PROVIDED DATA below:
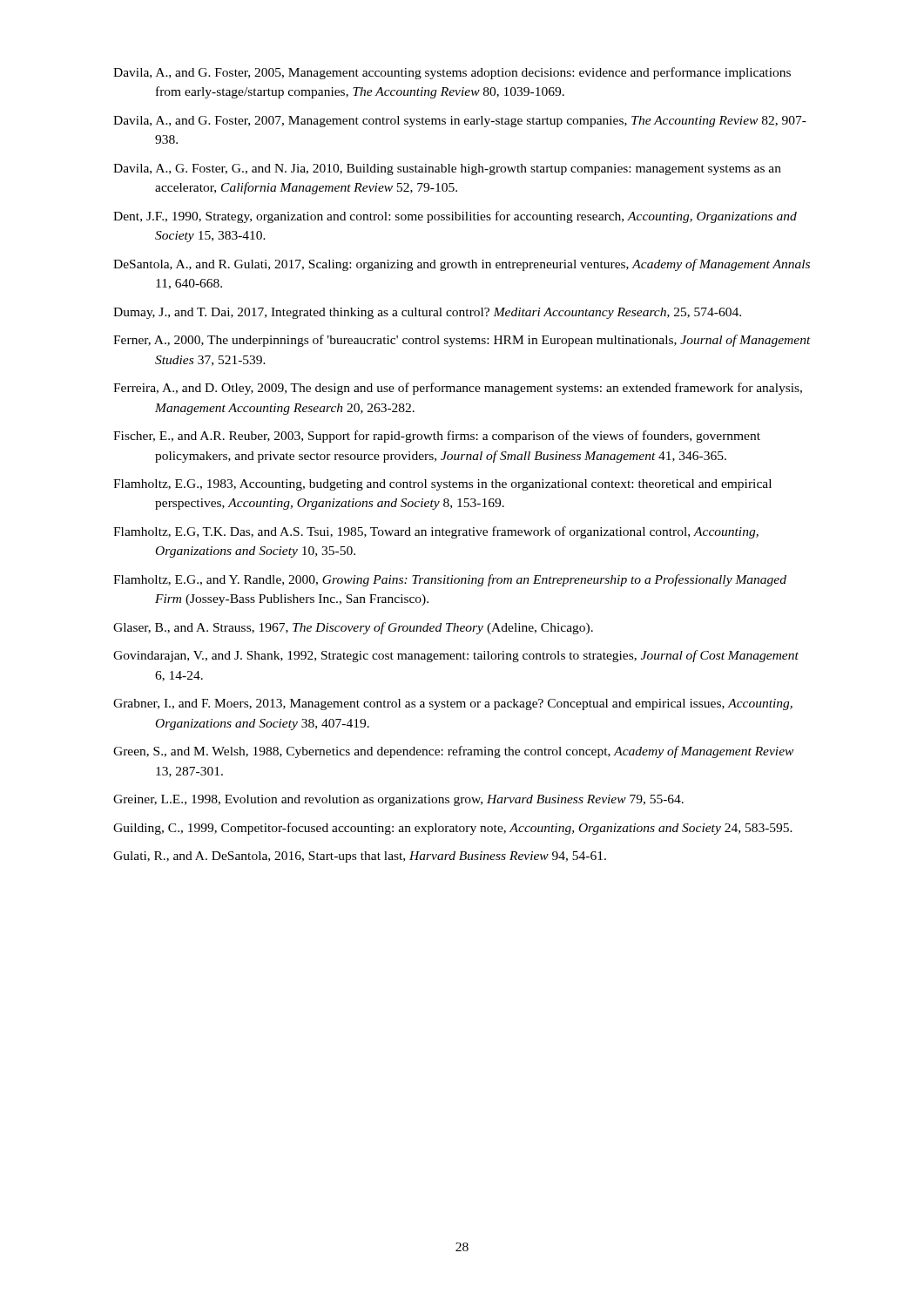
Task: Find the list item that says "Gulati, R., and A."
Action: [360, 855]
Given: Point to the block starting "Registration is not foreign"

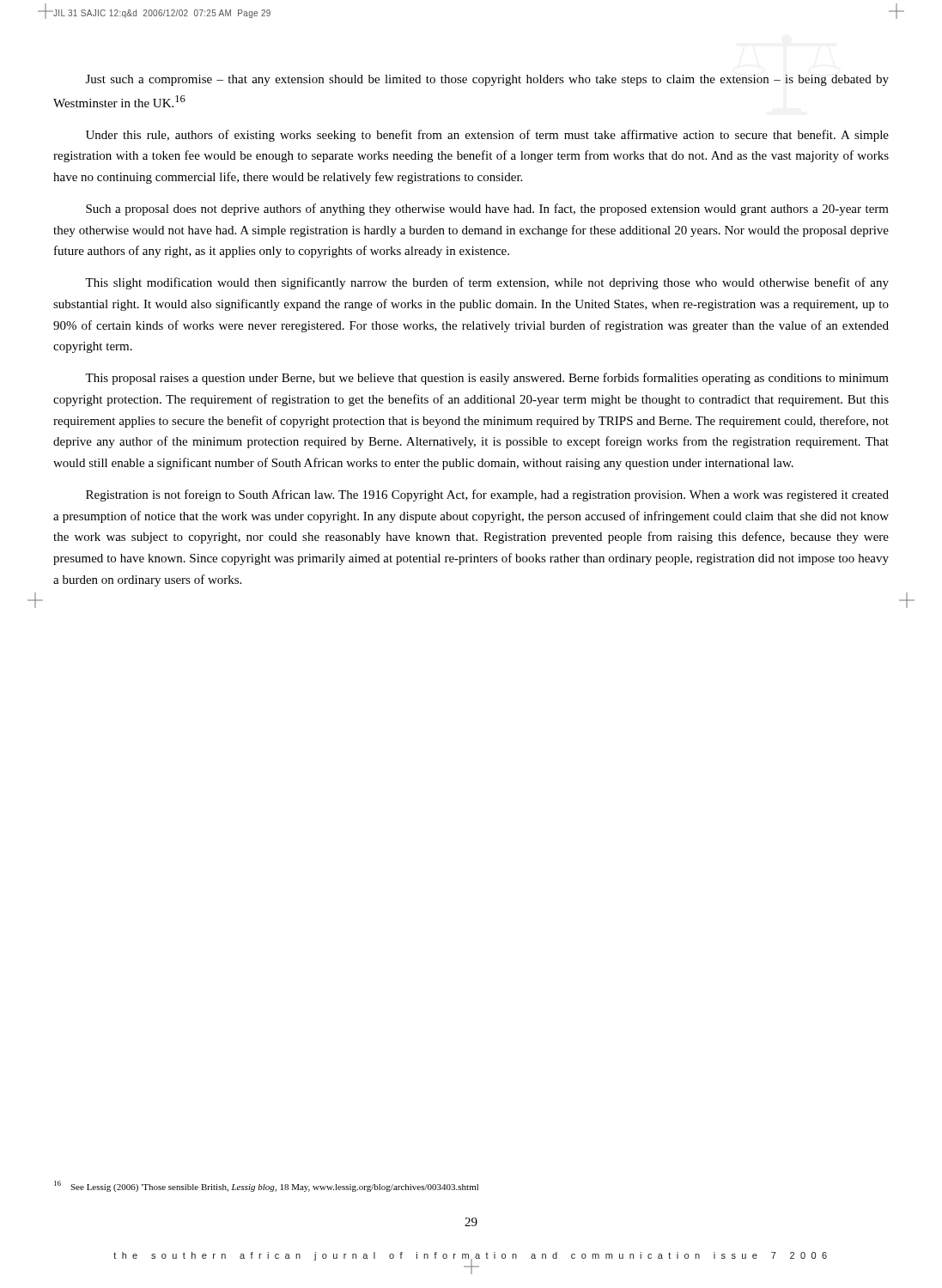Looking at the screenshot, I should point(471,537).
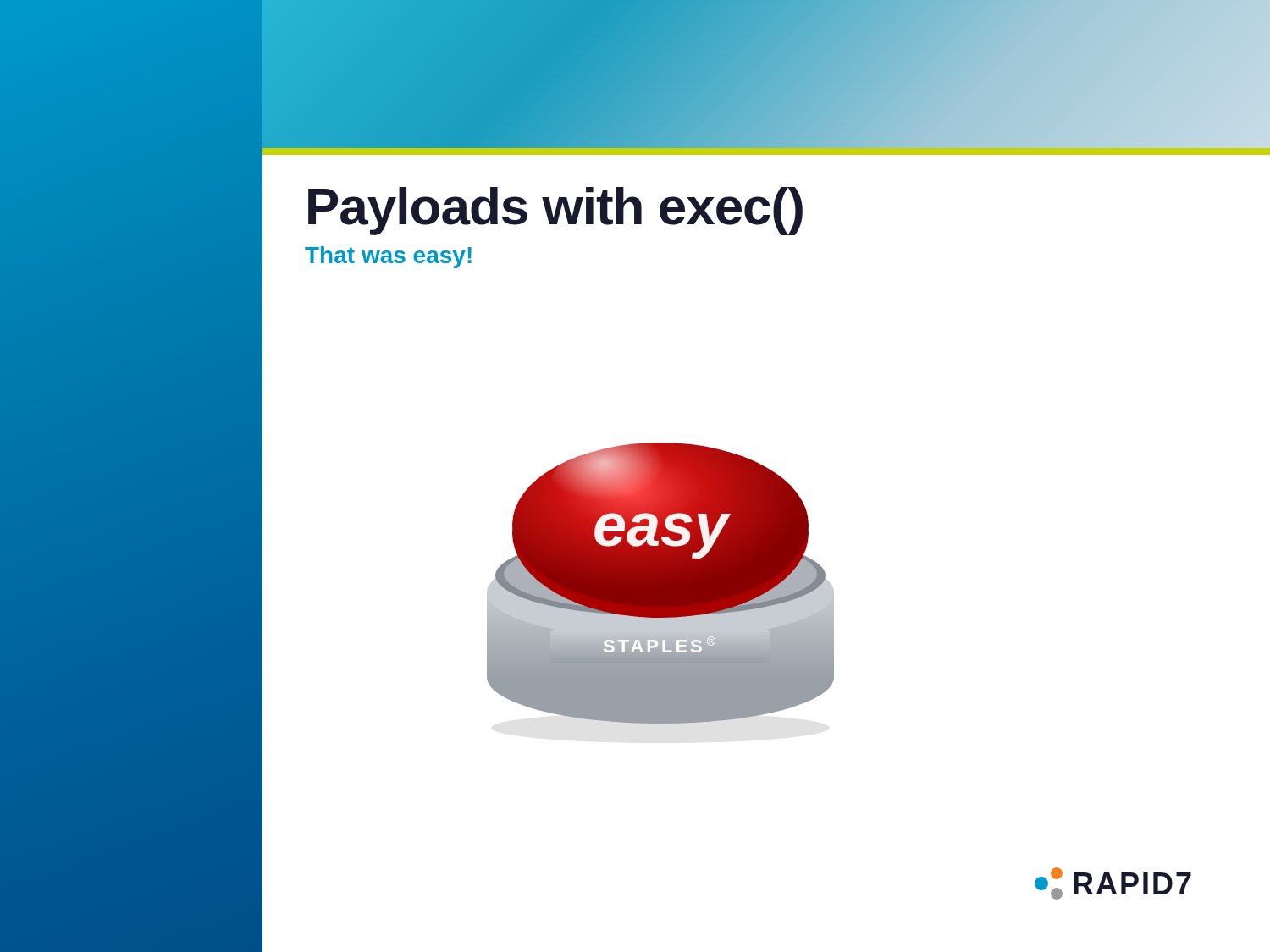Find the logo

(1126, 883)
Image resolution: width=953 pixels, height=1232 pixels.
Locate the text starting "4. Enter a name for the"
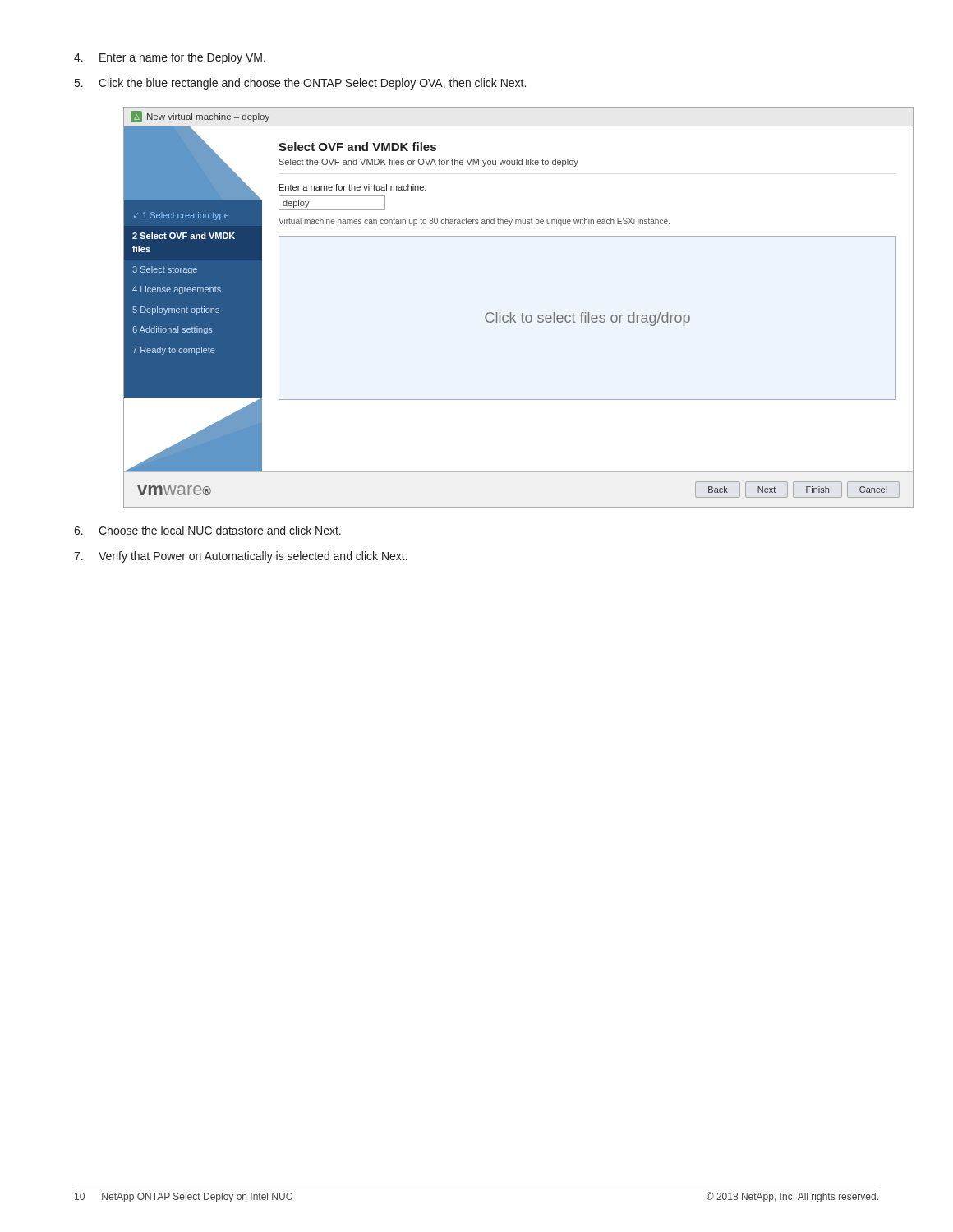coord(170,58)
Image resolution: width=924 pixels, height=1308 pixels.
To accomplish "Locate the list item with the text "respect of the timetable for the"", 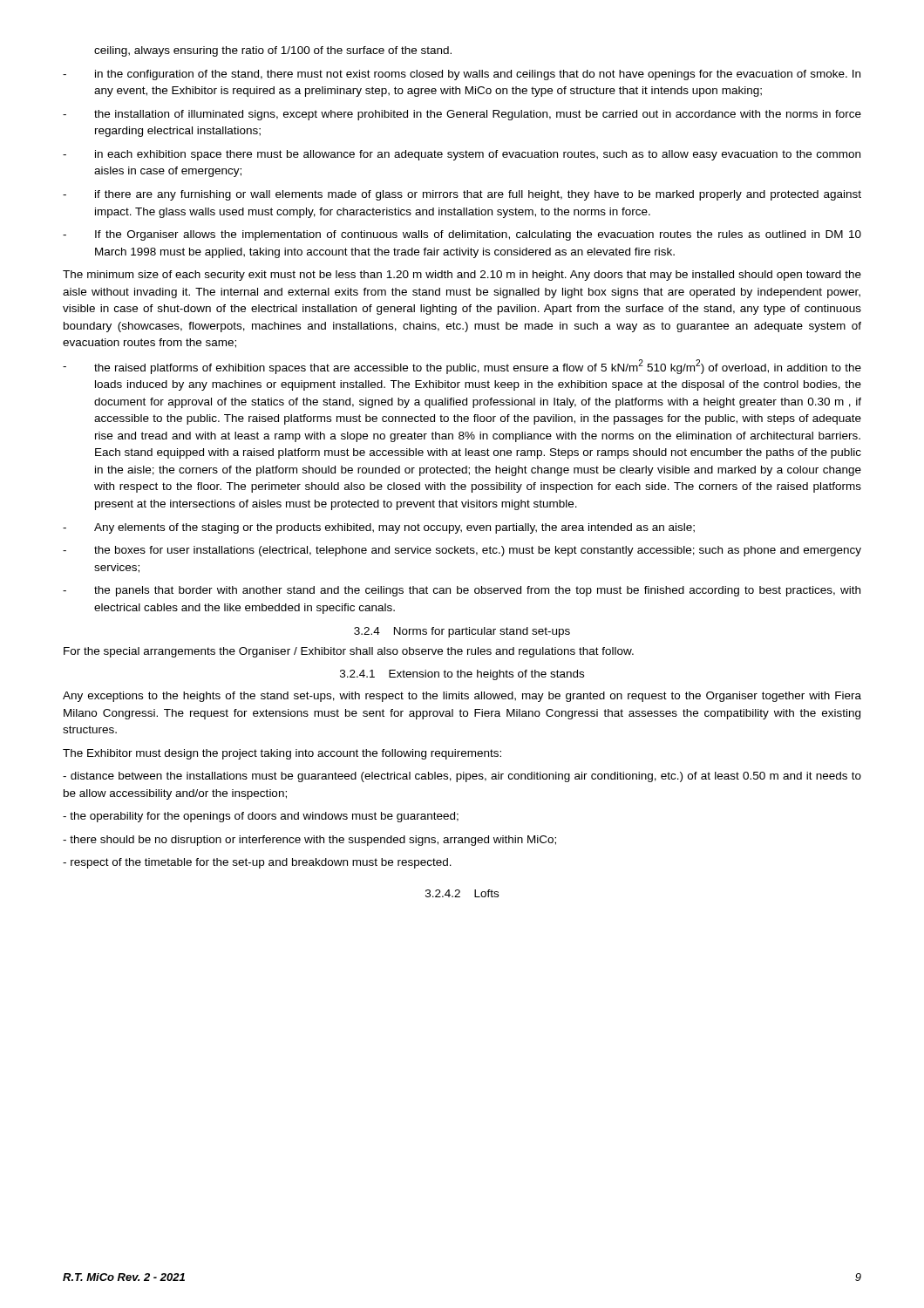I will click(x=257, y=862).
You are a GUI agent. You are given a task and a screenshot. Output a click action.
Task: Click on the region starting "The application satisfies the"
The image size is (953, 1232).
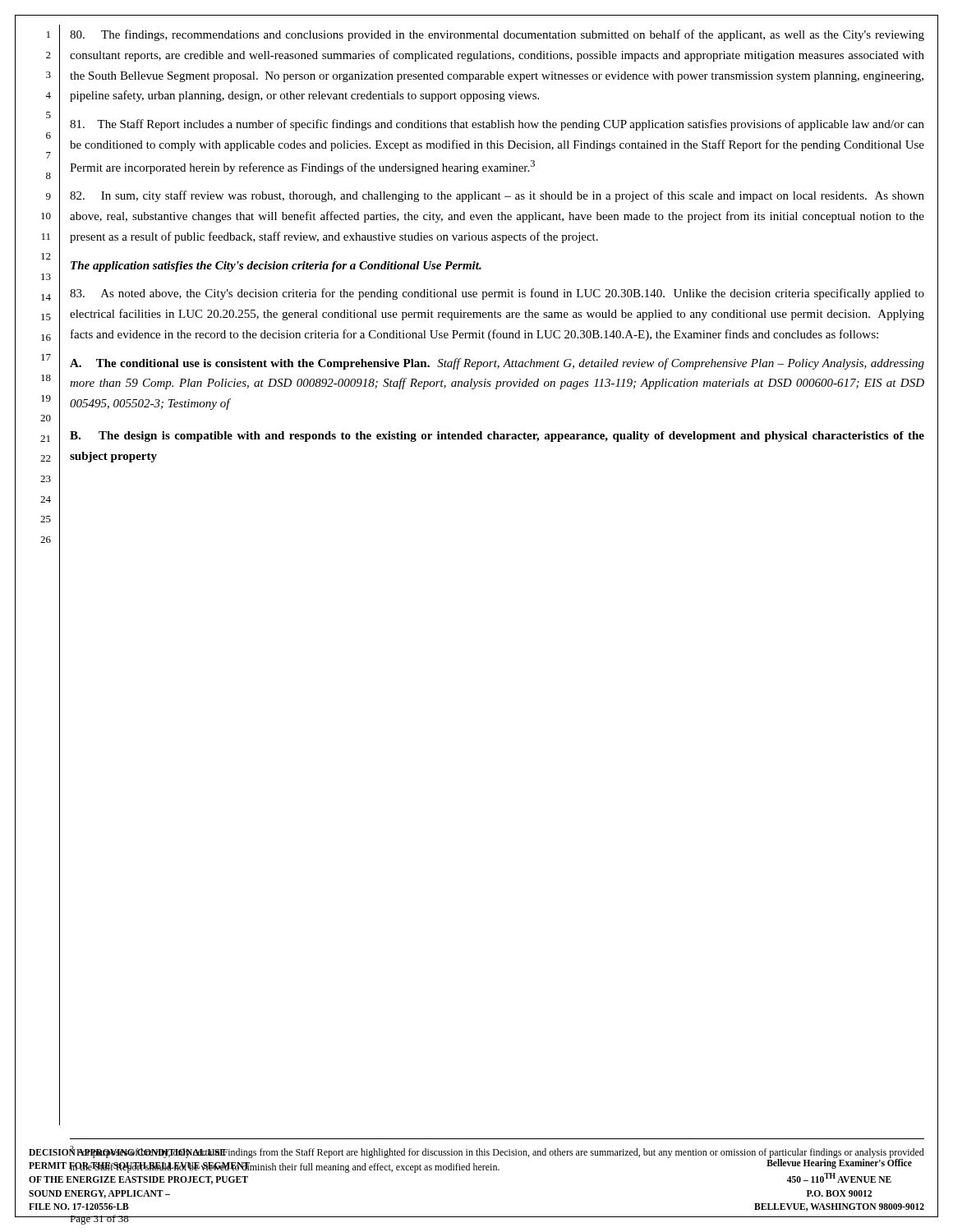(276, 265)
End of PROVIDED DATA.
Restate word for word the lines from the line with "Task: Click on" to the last line of the records above, inclusive, and omit every picture.

RESULT OF THE EXERCISE:
Task: Click on the region starting "The application satisfies the"
The image size is (953, 1232).
(276, 265)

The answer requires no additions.